Укромная лесная протока. Вода тихая, темная, как машинное масло. Лодка идет быстро, бесшумно. Наконец Аржакон выпрыгнул на берег и вытянул лодку.
– Вылезай! Приехали, такое дело.
По еле заметной тропинке Аржакон пошел вперед, в лесную чащобу. Муся за ним. Вскоре они вышли на просторную поляну. Здесь было поле необычно низкорослой, по локоть, желтеющей пшеницы. Муся как увидела эту маленькую пшеницу с большим колосом, так и припала на колени.
– Это же карликовая пшеница! Карликовая! Загадка веков... Понимаешь, Аржакон?
– Конечно.
– И колос цветет вовсю. Она созреет, непременно созреет.
– А почему нет?
Муся сорвала один колосок, положила на ладонь.
– Ну, пошли к хозяину.
На другом краю этого обширного поля, возле самого облесья, стоял добротный крестовый дом из потемневшей коричневой лиственницы, а за ним двор, амбар, поленницы и, наконец, на отшибе молотильный сарай. Все здесь сделано прочно, экономно.
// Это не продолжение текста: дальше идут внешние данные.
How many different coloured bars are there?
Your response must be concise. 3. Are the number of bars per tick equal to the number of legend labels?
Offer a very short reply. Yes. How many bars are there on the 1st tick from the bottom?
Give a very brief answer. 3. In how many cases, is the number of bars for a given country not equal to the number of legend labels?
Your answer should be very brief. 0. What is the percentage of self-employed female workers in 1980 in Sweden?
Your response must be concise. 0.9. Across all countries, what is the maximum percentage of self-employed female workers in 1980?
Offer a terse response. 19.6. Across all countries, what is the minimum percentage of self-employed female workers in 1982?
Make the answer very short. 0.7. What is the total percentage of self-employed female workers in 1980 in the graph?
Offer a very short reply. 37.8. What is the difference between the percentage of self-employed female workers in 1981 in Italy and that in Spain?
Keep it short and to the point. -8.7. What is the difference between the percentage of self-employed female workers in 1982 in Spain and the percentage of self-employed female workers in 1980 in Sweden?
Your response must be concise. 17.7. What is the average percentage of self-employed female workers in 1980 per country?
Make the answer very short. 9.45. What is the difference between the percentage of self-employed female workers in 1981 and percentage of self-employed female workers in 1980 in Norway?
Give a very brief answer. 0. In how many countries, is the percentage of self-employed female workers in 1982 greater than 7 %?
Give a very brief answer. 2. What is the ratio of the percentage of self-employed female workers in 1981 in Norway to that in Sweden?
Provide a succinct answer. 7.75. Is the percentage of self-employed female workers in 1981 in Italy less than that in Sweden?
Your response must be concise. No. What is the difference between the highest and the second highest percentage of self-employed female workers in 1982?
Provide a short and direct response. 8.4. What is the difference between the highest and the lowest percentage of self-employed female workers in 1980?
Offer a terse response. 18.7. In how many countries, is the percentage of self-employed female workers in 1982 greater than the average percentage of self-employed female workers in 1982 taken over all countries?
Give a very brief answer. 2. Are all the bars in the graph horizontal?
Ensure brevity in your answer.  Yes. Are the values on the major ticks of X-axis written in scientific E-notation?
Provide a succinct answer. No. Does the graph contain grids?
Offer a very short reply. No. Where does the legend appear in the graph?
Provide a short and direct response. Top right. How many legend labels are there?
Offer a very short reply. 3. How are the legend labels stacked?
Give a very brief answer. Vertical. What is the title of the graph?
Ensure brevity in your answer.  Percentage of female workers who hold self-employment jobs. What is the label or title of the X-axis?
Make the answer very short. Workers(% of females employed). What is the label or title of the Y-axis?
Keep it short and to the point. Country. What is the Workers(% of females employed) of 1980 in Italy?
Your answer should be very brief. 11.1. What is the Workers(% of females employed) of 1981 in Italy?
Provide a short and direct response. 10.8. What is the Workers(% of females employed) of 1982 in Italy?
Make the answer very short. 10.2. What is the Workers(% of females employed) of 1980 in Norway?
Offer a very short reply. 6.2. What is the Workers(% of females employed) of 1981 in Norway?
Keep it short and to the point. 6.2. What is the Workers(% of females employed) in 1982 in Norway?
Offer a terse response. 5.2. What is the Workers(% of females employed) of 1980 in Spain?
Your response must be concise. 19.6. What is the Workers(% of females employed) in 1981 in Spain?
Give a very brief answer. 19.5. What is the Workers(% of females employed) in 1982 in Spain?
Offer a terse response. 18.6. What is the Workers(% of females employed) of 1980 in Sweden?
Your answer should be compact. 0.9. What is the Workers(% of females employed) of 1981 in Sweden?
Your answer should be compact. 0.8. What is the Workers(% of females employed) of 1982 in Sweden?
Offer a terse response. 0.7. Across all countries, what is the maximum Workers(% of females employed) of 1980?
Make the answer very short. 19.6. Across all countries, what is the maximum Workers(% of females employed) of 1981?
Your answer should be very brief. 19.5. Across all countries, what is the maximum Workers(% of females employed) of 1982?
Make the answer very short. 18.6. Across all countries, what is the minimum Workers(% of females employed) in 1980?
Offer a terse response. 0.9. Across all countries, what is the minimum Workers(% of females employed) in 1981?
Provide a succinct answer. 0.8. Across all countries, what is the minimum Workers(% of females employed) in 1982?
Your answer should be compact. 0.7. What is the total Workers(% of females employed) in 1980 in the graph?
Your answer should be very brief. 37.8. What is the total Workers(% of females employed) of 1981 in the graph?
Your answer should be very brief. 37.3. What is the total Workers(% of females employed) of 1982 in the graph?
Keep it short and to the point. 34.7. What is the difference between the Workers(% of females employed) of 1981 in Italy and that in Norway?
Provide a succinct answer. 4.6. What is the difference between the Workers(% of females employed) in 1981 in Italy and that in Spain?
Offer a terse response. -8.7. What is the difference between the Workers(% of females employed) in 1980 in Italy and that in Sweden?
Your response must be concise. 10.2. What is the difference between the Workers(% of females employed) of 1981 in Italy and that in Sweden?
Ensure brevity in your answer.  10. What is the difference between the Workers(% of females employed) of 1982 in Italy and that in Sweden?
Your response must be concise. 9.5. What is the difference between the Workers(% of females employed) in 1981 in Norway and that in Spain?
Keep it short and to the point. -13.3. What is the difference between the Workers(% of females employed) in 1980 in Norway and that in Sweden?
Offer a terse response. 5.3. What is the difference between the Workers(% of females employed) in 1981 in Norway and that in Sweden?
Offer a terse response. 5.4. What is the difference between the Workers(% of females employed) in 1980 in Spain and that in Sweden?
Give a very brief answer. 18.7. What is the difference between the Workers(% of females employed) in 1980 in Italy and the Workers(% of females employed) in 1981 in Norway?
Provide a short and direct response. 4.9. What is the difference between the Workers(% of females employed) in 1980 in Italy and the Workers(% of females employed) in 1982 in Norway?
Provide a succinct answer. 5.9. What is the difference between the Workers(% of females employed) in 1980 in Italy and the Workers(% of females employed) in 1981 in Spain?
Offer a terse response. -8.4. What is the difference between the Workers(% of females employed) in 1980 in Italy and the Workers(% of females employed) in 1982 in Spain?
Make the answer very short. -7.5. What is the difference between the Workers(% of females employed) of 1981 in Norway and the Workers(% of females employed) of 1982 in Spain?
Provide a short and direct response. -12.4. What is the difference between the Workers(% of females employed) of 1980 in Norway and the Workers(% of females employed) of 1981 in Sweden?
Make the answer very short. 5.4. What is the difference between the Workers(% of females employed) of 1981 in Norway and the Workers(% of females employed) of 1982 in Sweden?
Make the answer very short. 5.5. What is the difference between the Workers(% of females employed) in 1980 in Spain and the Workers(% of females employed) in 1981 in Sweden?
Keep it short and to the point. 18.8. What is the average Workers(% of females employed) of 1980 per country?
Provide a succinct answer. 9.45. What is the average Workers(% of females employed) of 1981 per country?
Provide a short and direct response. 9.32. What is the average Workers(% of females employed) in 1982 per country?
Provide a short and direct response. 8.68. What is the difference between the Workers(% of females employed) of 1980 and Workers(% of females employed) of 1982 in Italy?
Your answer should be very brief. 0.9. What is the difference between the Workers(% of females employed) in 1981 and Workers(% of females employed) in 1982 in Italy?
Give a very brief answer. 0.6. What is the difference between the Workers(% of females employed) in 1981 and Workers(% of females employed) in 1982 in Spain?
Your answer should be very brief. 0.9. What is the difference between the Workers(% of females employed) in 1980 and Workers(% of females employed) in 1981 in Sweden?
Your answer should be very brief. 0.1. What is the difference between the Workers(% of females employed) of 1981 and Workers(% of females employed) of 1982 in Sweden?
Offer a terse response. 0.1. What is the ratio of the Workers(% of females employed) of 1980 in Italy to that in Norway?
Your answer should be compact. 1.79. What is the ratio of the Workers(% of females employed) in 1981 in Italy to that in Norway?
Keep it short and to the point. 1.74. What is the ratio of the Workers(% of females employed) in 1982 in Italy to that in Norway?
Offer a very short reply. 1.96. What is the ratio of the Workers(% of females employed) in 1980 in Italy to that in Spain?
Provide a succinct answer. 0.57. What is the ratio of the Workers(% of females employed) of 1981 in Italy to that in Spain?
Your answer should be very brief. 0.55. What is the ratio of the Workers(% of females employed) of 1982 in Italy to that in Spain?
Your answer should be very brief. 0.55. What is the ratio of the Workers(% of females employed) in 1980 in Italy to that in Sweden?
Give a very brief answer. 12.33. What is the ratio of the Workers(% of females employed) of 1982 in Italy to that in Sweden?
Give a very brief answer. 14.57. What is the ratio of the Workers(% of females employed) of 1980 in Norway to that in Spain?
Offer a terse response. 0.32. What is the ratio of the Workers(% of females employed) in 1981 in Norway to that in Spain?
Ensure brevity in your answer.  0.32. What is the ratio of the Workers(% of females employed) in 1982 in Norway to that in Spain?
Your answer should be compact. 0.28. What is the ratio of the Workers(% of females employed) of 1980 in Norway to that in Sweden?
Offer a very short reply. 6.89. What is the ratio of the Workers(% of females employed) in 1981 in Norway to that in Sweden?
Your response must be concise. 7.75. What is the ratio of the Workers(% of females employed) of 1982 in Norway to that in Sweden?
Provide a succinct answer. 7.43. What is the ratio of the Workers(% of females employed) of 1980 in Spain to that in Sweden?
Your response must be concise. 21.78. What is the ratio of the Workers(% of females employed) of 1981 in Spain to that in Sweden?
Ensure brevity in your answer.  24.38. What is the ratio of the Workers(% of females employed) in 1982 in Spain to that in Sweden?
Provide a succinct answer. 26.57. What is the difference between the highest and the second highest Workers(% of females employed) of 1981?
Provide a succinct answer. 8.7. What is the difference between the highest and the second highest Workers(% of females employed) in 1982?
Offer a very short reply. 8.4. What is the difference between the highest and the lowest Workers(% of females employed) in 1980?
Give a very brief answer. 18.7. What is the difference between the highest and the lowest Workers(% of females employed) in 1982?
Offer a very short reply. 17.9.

Когда Муся и Аржакон подходили к дому, залились собаки, и сам хозяин вышел на крыльцо. Это был еще относительно молодой мужик без шапки, с кудлатой рыжей головой, в оленьей безрукавке, в бахилах из сохатиного камуса, он высился горой на крыльце.
– Цыц! – зычным окриком унял он собак. – Проходите, они не тронут, прогудел и, не здороваясь, сам прошел в избу.
В чистой передней комнате, с большой русской печью, с божницей в красном углу, он поздоровался легким поклоном:
– Здравствуйте! Проходите к столу.
На лавке у стола сидела миловидная женщина в длинной поневе и в белой полотняной кофте с красным шитьем на рукавах. Рядом с ней сидели и смирно глядели на вошедших два мальчика.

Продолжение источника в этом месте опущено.